Eliciting Thinking Hierarchy without a Prior by Yuqing Kong

Date: 

Friday, March 25, 2022, 1:00pm

Location: 

https://harvard.zoom.us/j/97692964231?pwd=K05BMEhDNTZtbUhHYkZ5S21qZ2FKQT09#success

Yuqing Kong will be presenting at the EconCS seminar meeting this Friday, 3/25, at 1 pm ET. The seminar will be held Zoom only, accessible at the usual link here. Hope to see you there :).

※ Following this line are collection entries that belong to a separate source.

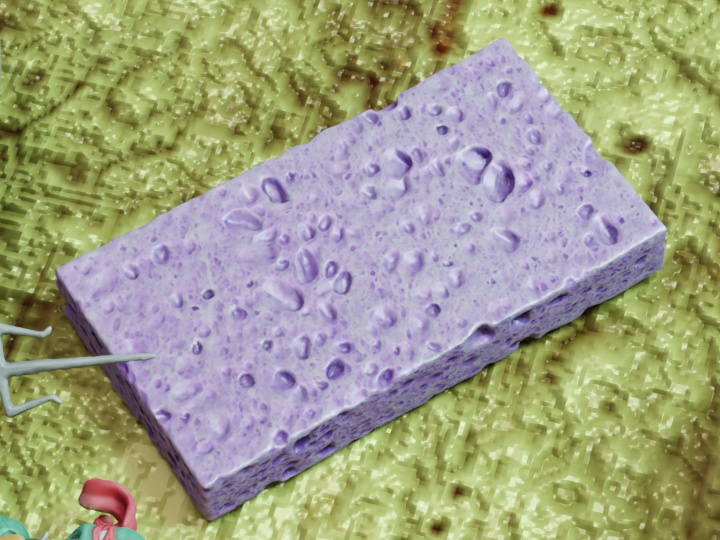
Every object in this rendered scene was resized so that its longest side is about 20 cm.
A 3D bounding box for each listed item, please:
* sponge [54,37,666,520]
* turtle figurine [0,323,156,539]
[{"bbox_3d":[0.000,0.000,0.966,0.200,0.030,0.112,-28,59,-14],"label":"sponge"},{"bbox_3d":[-0.142,0.112,0.862,0.200,0.101,0.150,-23,42,7],"label":"turtle figurine"}]
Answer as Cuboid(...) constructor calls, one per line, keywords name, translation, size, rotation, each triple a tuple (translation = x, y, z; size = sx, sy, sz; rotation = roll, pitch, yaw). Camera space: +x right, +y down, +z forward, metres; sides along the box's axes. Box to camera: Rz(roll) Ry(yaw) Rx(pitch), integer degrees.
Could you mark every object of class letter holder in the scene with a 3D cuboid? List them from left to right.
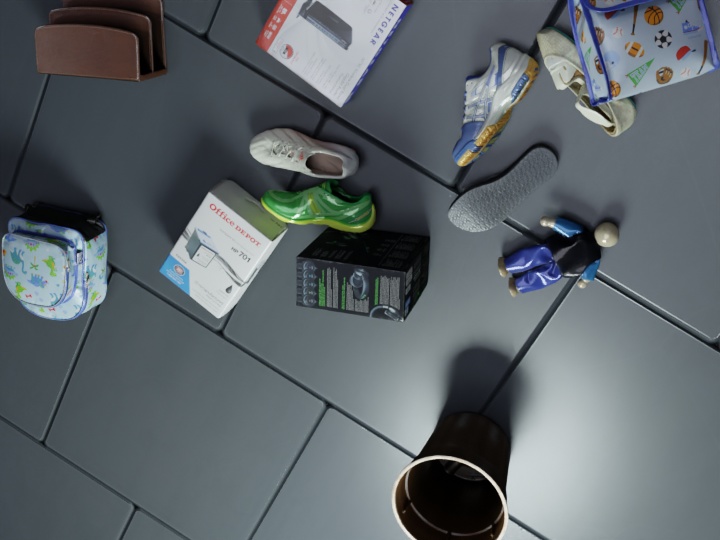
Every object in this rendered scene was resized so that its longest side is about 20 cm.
Cuboid(name="letter holder", translation=(-0.445, -0.408, 1.597), size=(0.199, 0.101, 0.143), rotation=(8, 111, 16))

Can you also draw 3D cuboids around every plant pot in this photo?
Cuboid(name="plant pot", translation=(0.175, 0.360, 1.639), size=(0.199, 0.198, 0.201), rotation=(7, 113, 15))

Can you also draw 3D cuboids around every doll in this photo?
Cuboid(name="doll", translation=(0.324, -0.028, 1.519), size=(0.199, 0.048, 0.137), rotation=(-23, 103, 25))

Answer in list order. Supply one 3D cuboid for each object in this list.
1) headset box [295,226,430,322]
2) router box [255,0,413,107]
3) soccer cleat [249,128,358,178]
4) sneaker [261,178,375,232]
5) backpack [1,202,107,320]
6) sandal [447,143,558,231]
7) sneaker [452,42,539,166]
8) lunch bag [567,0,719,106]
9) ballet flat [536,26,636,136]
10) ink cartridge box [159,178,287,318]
Cuboid(name="headset box", translation=(0.000, 0.000, 1.567), size=(0.199, 0.174, 0.093), rotation=(8, 113, 15))
Cuboid(name="router box", translation=(-0.044, -0.397, 1.494), size=(0.179, 0.049, 0.200), rotation=(37, 117, 2))
Cuboid(name="soccer cleat", translation=(-0.101, -0.196, 1.577), size=(0.199, 0.078, 0.070), rotation=(11, 114, 14))
Cuboid(name="sneaker", translation=(-0.070, -0.121, 1.603), size=(0.199, 0.074, 0.084), rotation=(8, 116, 5))
Cuboid(name="backpack", translation=(-0.585, -0.005, 1.778), size=(0.182, 0.147, 0.201), rotation=(11, 117, 16))
Cuboid(name="sandal", translation=(0.234, -0.130, 1.518), size=(0.200, 0.043, 0.076), rotation=(-33, 105, 17))
Cuboid(name="sneaker", translation=(0.194, -0.261, 1.466), size=(0.088, 0.075, 0.200), rotation=(39, 111, 14))
Cuboid(name="lunch bag", translation=(0.389, -0.352, 1.309), size=(0.169, 0.124, 0.201), rotation=(-15, 95, 1))
Cuboid(name="ballet flat", translation=(0.331, -0.281, 1.399), size=(0.200, 0.067, 0.062), rotation=(42, 73, -1))
Cuboid(name="ink cartridge box", translation=(-0.248, -0.039, 1.686), size=(0.146, 0.086, 0.200), rotation=(38, 119, 1))
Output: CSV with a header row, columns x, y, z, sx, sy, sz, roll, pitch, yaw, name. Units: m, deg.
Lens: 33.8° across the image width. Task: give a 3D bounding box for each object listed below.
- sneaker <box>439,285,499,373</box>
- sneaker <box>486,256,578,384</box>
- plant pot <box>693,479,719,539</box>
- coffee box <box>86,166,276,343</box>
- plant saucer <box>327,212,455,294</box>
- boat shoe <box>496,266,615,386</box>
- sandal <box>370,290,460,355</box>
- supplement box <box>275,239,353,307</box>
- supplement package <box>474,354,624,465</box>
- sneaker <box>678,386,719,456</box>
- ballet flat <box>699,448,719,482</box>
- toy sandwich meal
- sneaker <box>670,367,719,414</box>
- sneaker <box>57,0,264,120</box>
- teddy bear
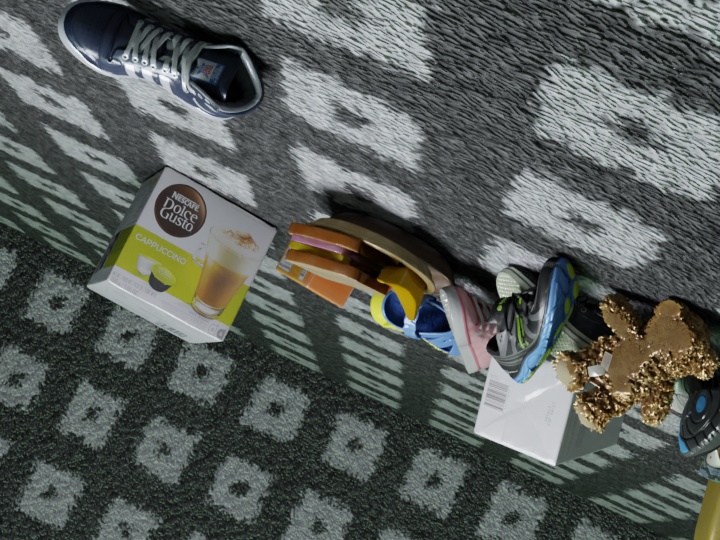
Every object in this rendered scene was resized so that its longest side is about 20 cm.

Title: Eliciting Thinking Hierarchy without a Prior

Abstract: A key challenge in crowdsourcing is that majority may make systematic mistakes. Prior work focuses on eliciting the best answer without a prior even when the majority is wrong. Here without any prior, we want to elicit the full hierarchy where the higher-ranking answers, which may not be supported by the majority, are from more sophisticated people. We propose a new model, called the thinking web, that describes the hierarchy among people's thinking types through a weighted directed acyclic graph. To learn the thinking web without any prior, we propose a novel, powerful and practical elicitation paradigm, the Answer-Guess paradigm and it works as follows. First, we ask a single open response question and ask for both of each respondent's answer and guess(es) for other people's answers. Second, we construct an Answer-Guess matrix that records the number of people who report a specific Answer-Guess pair. Third, by ranking the answers to maximize the sum of the upper triangular area of the matrix, we obtain and visualize the hierarchy of the answers without any prior. We also conduct four empirical studies to demonstrate the superiority of our approach compared to the plurality vote and also validate our thinking web model: more sophisticated people can reason about less sophisticated people’s mind and the hierarchy can be approximately described by a directed acyclic graph.

 

Bio: Yuqing Kong is currently an assistant professor at The Center of Frontier Computing Science (CFCS), Peking University. She obtained her Ph.D. degree from the Computer Science and Engineering Department at University of Michigan in 2018 and her bachelor degree in mathematics from University of Science and Technology of China in 2013. Her research interests lie in the intersection of theoretical computer science and the areas of economics: information elicitation, prediction markets, mechanism design, and the future applications of these areas to crowdsourcing and machine learning. Her papers were published in several conferences include WINE, ITCS, EC, SODA, AAAI, NeurIPS, ICLR, ECCV, IJCAI, WWW.